Das Bruttoinlandsprodukt verzeichnete im ersten Jahrzehnt des
neuen Jahrhunderts ähnlich hohe Wachstumsraten wie China,
schwächte sich aber 2012 auf ein Plus von 4,9 Prozent ab. 2013
dagegen soll es wieder mindestens 6,0 Prozent betragen, heißt
es beim Internationalen Währungsfonds (IWF).
Was dagegen nicht an Dynamik verloren hatte, war der
deutsch-indische Handel.
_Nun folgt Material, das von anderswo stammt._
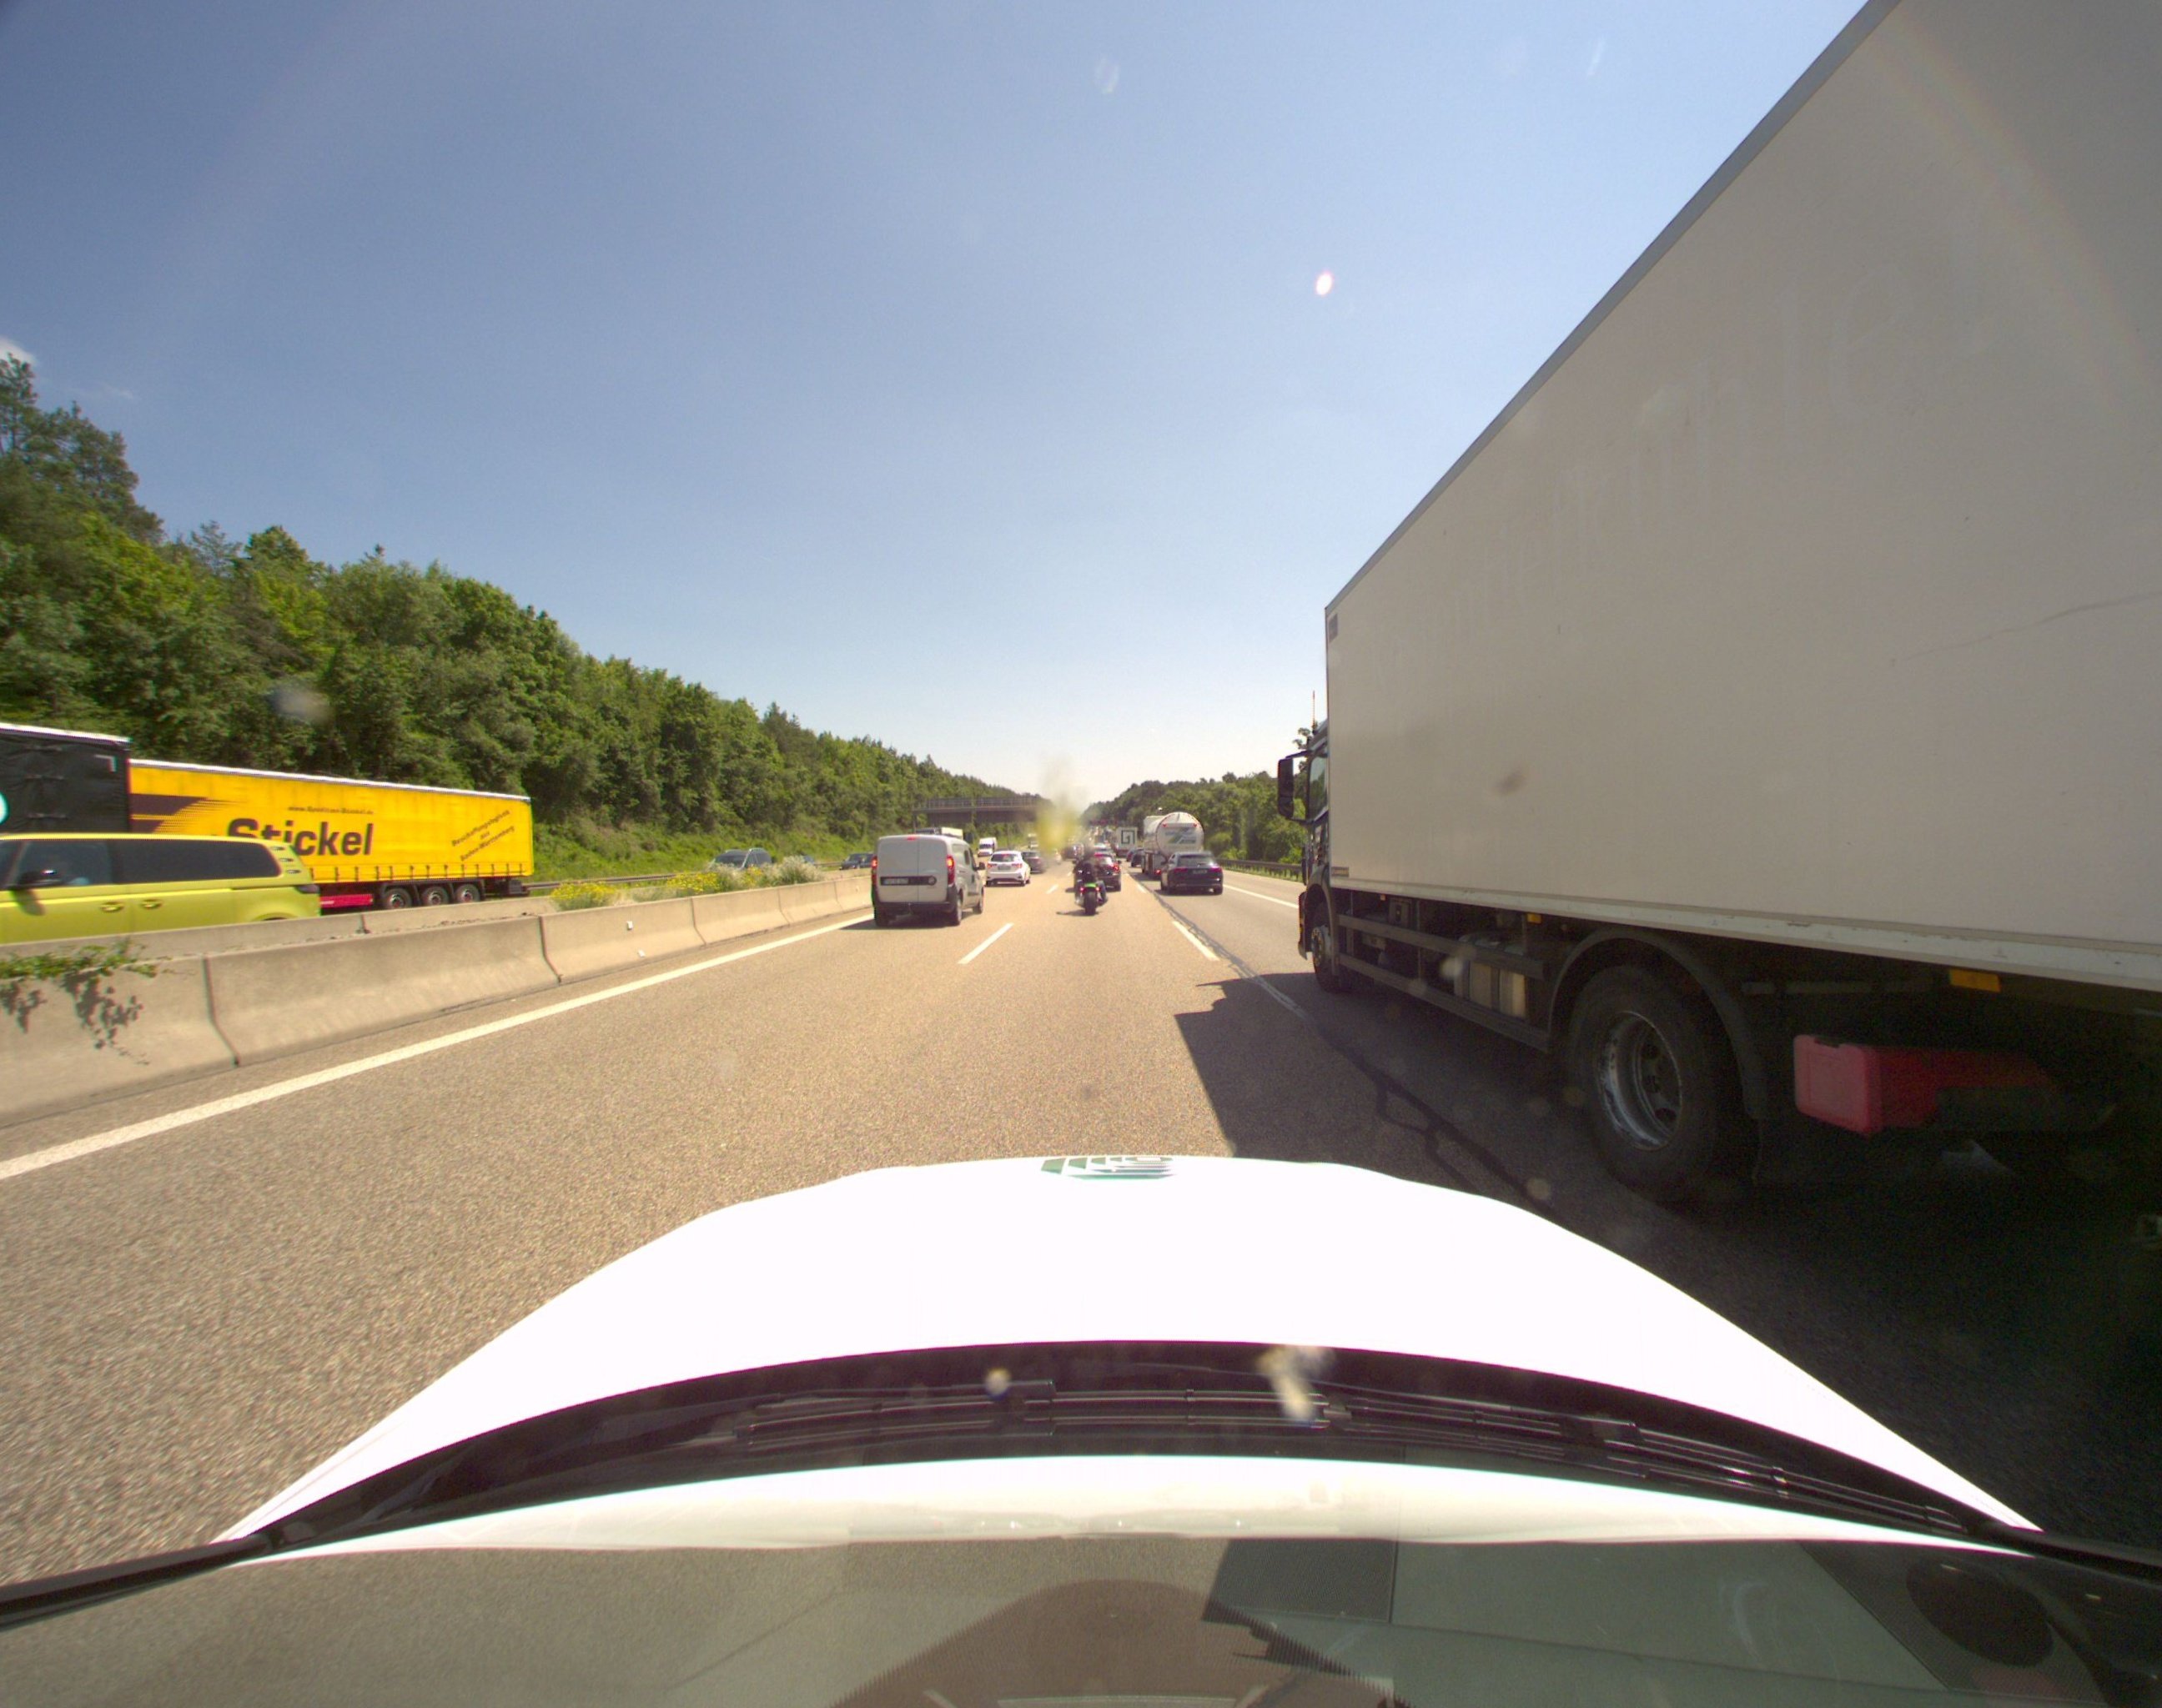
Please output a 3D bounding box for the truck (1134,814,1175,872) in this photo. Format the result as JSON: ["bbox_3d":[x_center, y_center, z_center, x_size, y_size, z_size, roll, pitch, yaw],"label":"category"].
[{"bbox_3d":[4.739,-0.646,53.330,1.988,3.522,4.749,-3,-1,-1],"label":"truck"}]

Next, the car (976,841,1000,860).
[{"bbox_3d":[-12.174,-0.455,107.245,1.986,2.377,7.367,-1,0,1],"label":"car"}]

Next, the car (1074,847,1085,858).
[{"bbox_3d":[-0.266,-0.316,154.208,1.986,2.013,4.001,-3,-1,1],"label":"car"}]

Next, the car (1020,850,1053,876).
[{"bbox_3d":[-2.731,0.515,50.871,1.693,1.478,4.001,-1,0,1],"label":"car"}]

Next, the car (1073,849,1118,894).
[{"bbox_3d":[0.537,0.626,31.263,1.527,1.510,4.000,-3,0,1],"label":"car"}]

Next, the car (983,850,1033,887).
[{"bbox_3d":[-3.147,0.603,35.822,1.693,1.478,4.001,-1,0,1],"label":"car"}]

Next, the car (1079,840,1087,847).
[{"bbox_3d":[0.430,-2.773,215.330,1.986,2.013,4.001,-1,0,1],"label":"car"}]

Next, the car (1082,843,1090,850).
[{"bbox_3d":[1.479,-2.102,235.154,1.986,2.013,4.002,-1,0,1],"label":"car"}]

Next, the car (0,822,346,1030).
[{"bbox_3d":[-11.359,0.775,9.177,1.873,2.013,4.470,-5,-1,2],"label":"car"}]

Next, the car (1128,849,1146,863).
[{"bbox_3d":[6.098,0.194,88.680,1.780,1.374,3.804,-1,0,1],"label":"car"}]

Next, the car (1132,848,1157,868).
[{"bbox_3d":[5.094,0.319,66.019,1.780,1.555,3.804,-1,0,1],"label":"car"}]

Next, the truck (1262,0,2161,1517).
[{"bbox_3d":[3.614,-0.628,5.443,2.678,3.876,9.784,-4,0,2],"label":"truck"}]

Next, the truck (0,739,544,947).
[{"bbox_3d":[-22.067,-0.092,22.726,3.026,3.983,16.268,-2,-1,1],"label":"truck"}]

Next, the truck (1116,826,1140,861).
[{"bbox_3d":[6.363,-1.418,111.529,3.022,4.542,9.986,0,0,1],"label":"truck"}]

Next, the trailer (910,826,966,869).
[{"bbox_3d":[-16.874,-0.687,97.341,3.711,4.528,13.334,-3,-1,1],"label":"trailer"}]

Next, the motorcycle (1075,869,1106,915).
[{"bbox_3d":[0.258,0.899,20.004,0.688,1.015,2.123,-1,0,3],"label":"motorcycle"}]

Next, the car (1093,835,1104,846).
[{"bbox_3d":[4.201,-3.263,196.567,2.495,2.587,5.018,-1,0,1],"label":"car"}]

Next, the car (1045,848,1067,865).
[{"bbox_3d":[-2.263,0.227,74.360,1.693,1.478,4.001,-1,0,1],"label":"car"}]

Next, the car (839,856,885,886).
[{"bbox_3d":[-13.410,1.023,50.015,1.636,1.627,3.544,-3,-1,2],"label":"car"}]

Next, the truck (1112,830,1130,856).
[{"bbox_3d":[7.320,-1.993,151.162,3.022,4.542,9.986,0,0,1],"label":"truck"}]

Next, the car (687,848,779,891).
[{"bbox_3d":[-14.247,0.624,33.644,1.679,1.558,4.423,-3,-1,2],"label":"car"}]

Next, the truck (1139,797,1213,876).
[{"bbox_3d":[4.940,-0.801,44.348,2.977,3.671,9.290,-3,-1,1],"label":"truck"}]

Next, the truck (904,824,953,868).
[{"bbox_3d":[-17.011,-0.852,91.442,3.712,4.528,7.326,-3,-1,1],"label":"truck"}]

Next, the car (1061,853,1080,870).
[{"bbox_3d":[-1.310,0.917,102.284,1.986,2.013,4.002,-3,-1,2],"label":"car"}]

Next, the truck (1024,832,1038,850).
[{"bbox_3d":[-14.050,-3.658,230.378,2.755,4.740,10.475,-1,0,1],"label":"truck"}]

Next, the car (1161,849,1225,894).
[{"bbox_3d":[3.894,0.579,28.971,1.822,1.470,4.001,-1,0,1],"label":"car"}]

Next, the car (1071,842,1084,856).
[{"bbox_3d":[-0.547,-0.799,130.260,1.922,2.013,4.002,-3,-1,2],"label":"car"}]

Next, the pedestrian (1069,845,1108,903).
[{"bbox_3d":[0.197,0.476,20.235,0.846,1.361,0.962,-3,0,2],"label":"pedestrian"}]

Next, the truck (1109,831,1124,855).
[{"bbox_3d":[7.857,-2.447,181.748,3.022,5.139,9.986,0,0,1],"label":"truck"}]

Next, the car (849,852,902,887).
[{"bbox_3d":[-10.545,0.770,42.005,1.636,1.627,3.544,-3,-1,2],"label":"car"}]

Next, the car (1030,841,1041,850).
[{"bbox_3d":[-10.562,-1.999,189.263,1.873,2.013,4.470,-5,-1,2],"label":"car"}]

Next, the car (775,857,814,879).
[{"bbox_3d":[-20.978,1.015,59.764,1.404,1.508,3.709,-1,0,2],"label":"car"}]

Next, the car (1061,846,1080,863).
[{"bbox_3d":[-1.181,0.025,93.072,1.873,1.859,4.002,-1,0,2],"label":"car"}]

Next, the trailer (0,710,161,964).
[{"bbox_3d":[-18.429,-0.228,7.871,2.896,3.974,13.891,-3,-1,1],"label":"trailer"}]

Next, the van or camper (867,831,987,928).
[{"bbox_3d":[-3.307,0.531,18.280,1.789,1.892,4.160,-1,-1,1],"label":"van or camper"}]

Im Zeitraum zwischen 2001 und
2011 vervierfachten sich die Einfuhren von Waren „made in
Germany“ auf ein Volumen von 10,9 Milliarden Euro. „China
und Indien sind zwei grundverschiedene Märkte“, ergänzt Dr.
Daniel Neff. „Die chinesische Volkswirtschaft ist überwiegend
exportorientiert und damit sehr stark den Schwankungen auf
den Weltmärkten ausgesetzt“, so der Soziologe und Research
Fellow vom Giga Institute for Asian Studies in Hamburg. „In Indien dagegen wird viel mehr für den Binnenmarkt produziert.